KNeighborsClassifier(algorithm='auto', leaf_size=30, metric='minkowski',
           metric_params=None, n_jobs=1, n_neighbors=5, p=2,
           weights='uniform')

### Estimate the accuracy of the classifier on future data, using the test data

In [22]:
knn.score(X_test, y_test)
# The accuracy rate is 0.53333

0.5333333333333333

### Use the trained k-NN classifier model to classify new, previously unseen objects

In [25]:
# first example: a small fruit with mass 20g, width 4.3 cm, height 5.5 cm
fruit_prediction = knn.predict([[20, 4.3, 5.5]])
lookup_fruit_name[fruit_prediction[0]]

'mandarin'

In [26]:
# second example: a larger, elongated fruit with mass 100g, width 6.3 cm, height 8.5 cm
fruit_prediction = knn.predict([[100, 6.3, 8.5]])
lookup_fruit_name[fruit_prediction[0]]

'lemon'

### Plot the decision boundaries of the k-NN classifier

In [31]:
import graphviz
from adspy_shared_utilities import plot_fruit_knn

plot_fruit_knn(X_train, y_train, 5, 'uniform')   # we choose 5 nearest neighbors
# 'uniform' is the weighting method to be used, 'uniform' means treat all neighbors equally when combining their labels.
## 'uniform' can be replaced by 'distance' or your own function

  X_mat = X[['height', 'width']].as_matrix()
  y_mat = y.as_matrix()


<IPython.core.display.Javascript object>

In [32]:
## The decision boundary will be different if we use different parameters of k and weighting methods
plot_fruit_knn(X_train, y_train, 5, 'distance') 

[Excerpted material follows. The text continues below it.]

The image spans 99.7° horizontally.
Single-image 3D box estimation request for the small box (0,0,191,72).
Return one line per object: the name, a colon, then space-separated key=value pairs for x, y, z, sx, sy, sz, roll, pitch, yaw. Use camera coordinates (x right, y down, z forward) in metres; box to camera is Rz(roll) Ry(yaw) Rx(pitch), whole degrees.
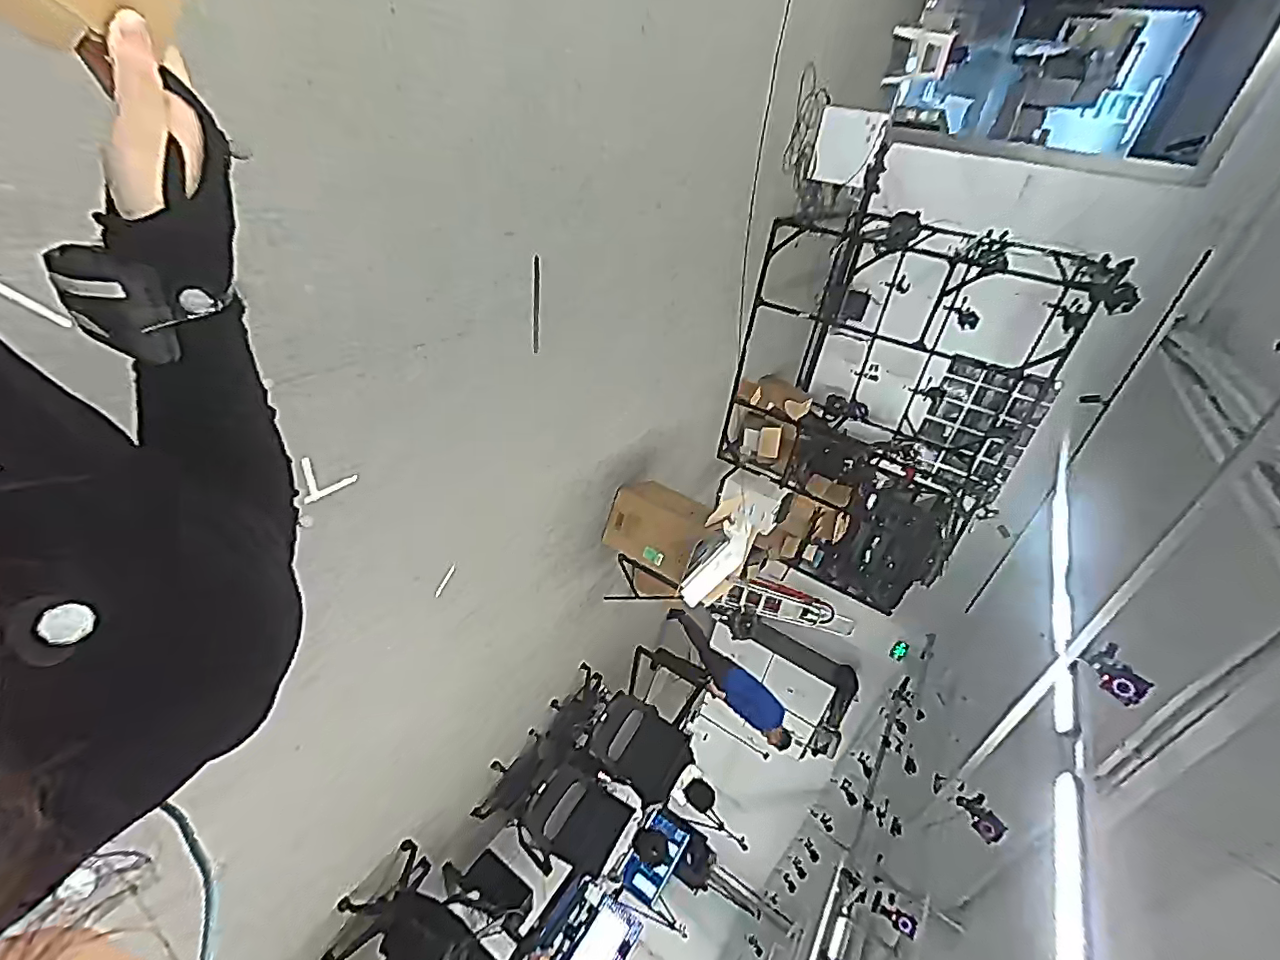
small box: x=-0.303 y=-0.327 z=0.214 sx=0.179 sy=0.176 sz=0.168 roll=-65 pitch=172 yaw=4

  X_mat = X[['height', 'width']].as_matrix()
  y_mat = y.as_matrix()


<IPython.core.display.Javascript object>

In [33]:
## When k = 1 smaller, the prediction(decision boundary) is sensitive to noise, outliers, milslabeled data
## for larger values of k, the area assigned to different classes are smoother and not as fragmented and more robust to noise in the individual points.

#### Phenomenon of bias-variance tradeoff in later class

### How sensitive is k-NN classification accuracy to the choice of the 'k' parameter?

In [34]:
k_range = range(1,20)
scores = []

for k in k_range:
    knn = KNeighborsClassifier(n_neighbors = k)
    knn.fit(X_train, y_train)
    scores.append(knn.score(X_test, y_test))

plt.figure()
plt.xlabel('k')
plt.ylabel('accuracy')
plt.scatter(k_range, scores)
plt.xticks([0,5,10,15,20]);
## in this example, larger k leads to worse accuracy for this particular dataset and fixed single train test split

<IPython.core.display.Javascript object>

### How sensitive is k-NN classification accuracy to the train/test split proportion?

In [35]:
t = [0.8, 0.7, 0.6, 0.5, 0.4, 0.3, 0.2]

knn = KNeighborsClassifier(n_neighbors = 5)

plt.figure()

for s in t:

    scores = []
    for i in range(1,1000):
        X_train, X_test, y_train, y_test = train_test_split(X, y, test_size = 1-s)
        knn.fit(X_train, y_train)
        scores.append(knn.score(X_test, y_test))
    plt.plot(s, np.mean(scores), 'bo')

plt.xlabel('Training set proportion (%)')
plt.ylabel('accuracy');

<IPython.core.display.Javascript object>

#### Multiple Choices Solution
---- 1. A low value of 'k' (close to 1) is more likely to overfit the training data and lead to worse accuracy on the test data, compared to higher values of 'k'.

---- 2. Setting 'k' to the number of points in the training set will result in a classifier that always predicts the majority class.

---- 3. The k-nearest neighbors classification algorithm has to memorize all of the training examples to make a prediciton.